Oleh sebab itu orang 'Arif, dengan melalui disiplin asketik (al-mujahadah), selain mengenali dirinya sebagai hamba Allah, dengan segala kelemahan yang ada padanya, juga mampu membuka selubung kosmik yang menghalangi cahaya surga untuk menyinari jiwa dan kehidupannya. Orang yang selalu bermujahdah akan dapat terbebas dari setiap selubung yang menghalangi karunia ridha Allah dan cahaya-Nya yang terang benderang.
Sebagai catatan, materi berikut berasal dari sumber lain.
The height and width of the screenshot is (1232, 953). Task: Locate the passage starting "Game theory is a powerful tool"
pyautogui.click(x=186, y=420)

Orang ‘Arif lebih berkonsentrasi memuji Allah Swt demi meraaih ridha-Nya. Sedangkan esensi memuji Allah adalah sebuah pengakuan bahwa segala bentuk pujian hanyalah milik Allah. Dia adalah Pemilik segala sifat yang pantas mendapat pujian.

Pada hakikatnya, dengan memuji Allah Swt seseorang, secara spiritual, sedang berusaha melebur egosentrisitas dirinya dan mengikis habis kesombongan sang diri. Dengan ketulusan memuji Allah berarti seseorang telah menyadari sepenuhnya akan kepemilikan-Nya atas segala sesuatu, termasuk dirinya sendiri.
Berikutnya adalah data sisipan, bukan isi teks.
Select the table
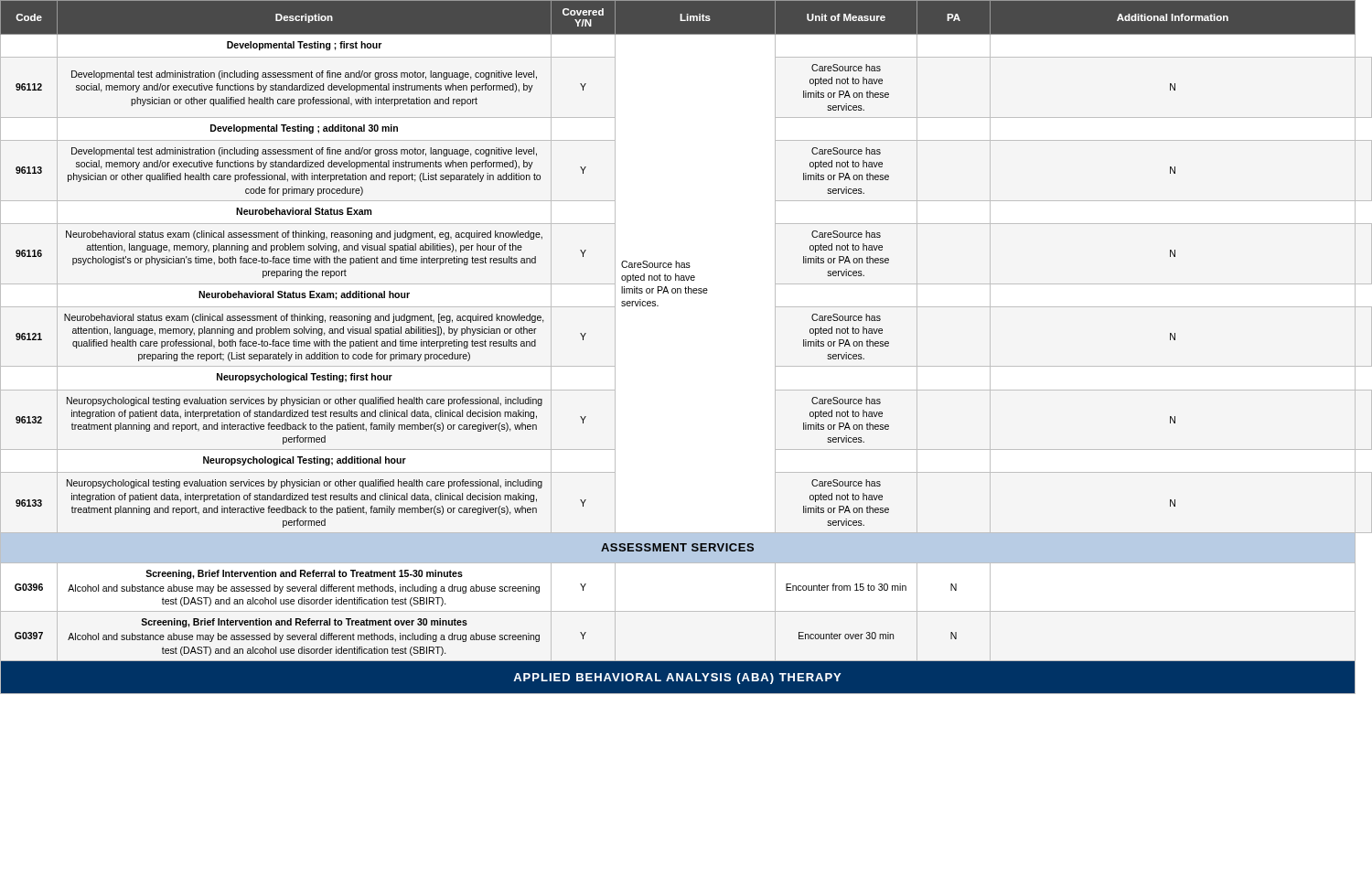Screen dimensions: 888x1372 tap(686, 347)

Pengucapan pujian kepada Allah yang disertai dengan pemahaman dan keyakinan yang bertahta di hati, akan membuka ruang kesadaran baru. Yaitu kesadaran bahwa dirinya sebagai makhluk Allah yang lemah, tidak memiliki kuasa apa pun dan terhadap siapa pun.

Kesadaran seperti inilah yang membuat seseorang menjadi dewasa secara ruhiah dan arif dalam memahami dan memaknai setiap peristiwa. Ia akan menjadi lebih rendah hati (tawadlu’), puas dengan hasil yang diperoleh, walaupun secara kuantitas sedikit, dan tidak menderita keluh kesah. Di sisi lain, akan lahir energi baru untuk bekerja optimal, mengerahkan segenap kemampuan untuk meraih prestasi tertinggi.

Pujian kepada Allah adalah refleksi penghambaan diri secara mutlak dan ketundukan seorang hamba kepada-Nya. Selain itu ia juga merupakan implementasi rasa syukur seorang hamba kepada Tuhannya. Oleh karena itu pujian kepada Allah tidak hanya sebagai kewajiban kemanusiaan tetapi juga menunjukkaan kualitas kesadaran tentang keharusan bersyukur seseorang terhadap segala nikmat yang dikaruniakan Allah kepadanya. Dengan begitu ia akan memuji Allah dalam segala ruang dan waktu.

“Segala puji bagi Allah yang memelihara apa yang ada di langit dan apa yang ada di bumi, dan bagi-Nya (pula) sega puji di akhirat. Dialah yang Maha Bijaksana lagi Maha Mengetahui. (QS Saba’ 34: 1).

Sementara itu Zahid (orang zuhud) adalah orang yang semata-mata taat kepada Allah dan tidak terbersit untuk menumpahkan ketaatan kepada selain-Nya. Menurut ulama salaf, zuhud ialah menanggalkan segala bentuk kecintaan dan ketergantungan kepada sesuatu untuk mencintai dan bergantung hanya kepada Allah Swt.

Inti zuhud adalah tidak terpengaruh atau tidak bergantungnya hati kepada berbagai hal yang berkaitan dengan kenikmatan dan atribut duniawi.
Baginya, jika dibandingkan dengan kenikmatan di akhirat, urusan dunia itu tidak ada nilai langsung. Rasulullah Saw bersabda, ”Jadilah kamu di dunia seperti orang asing atau musafir.”(HR, Bukhari). Dengan demikian dirinya tidak merasakan pengaruh apa pun terhadap dunia.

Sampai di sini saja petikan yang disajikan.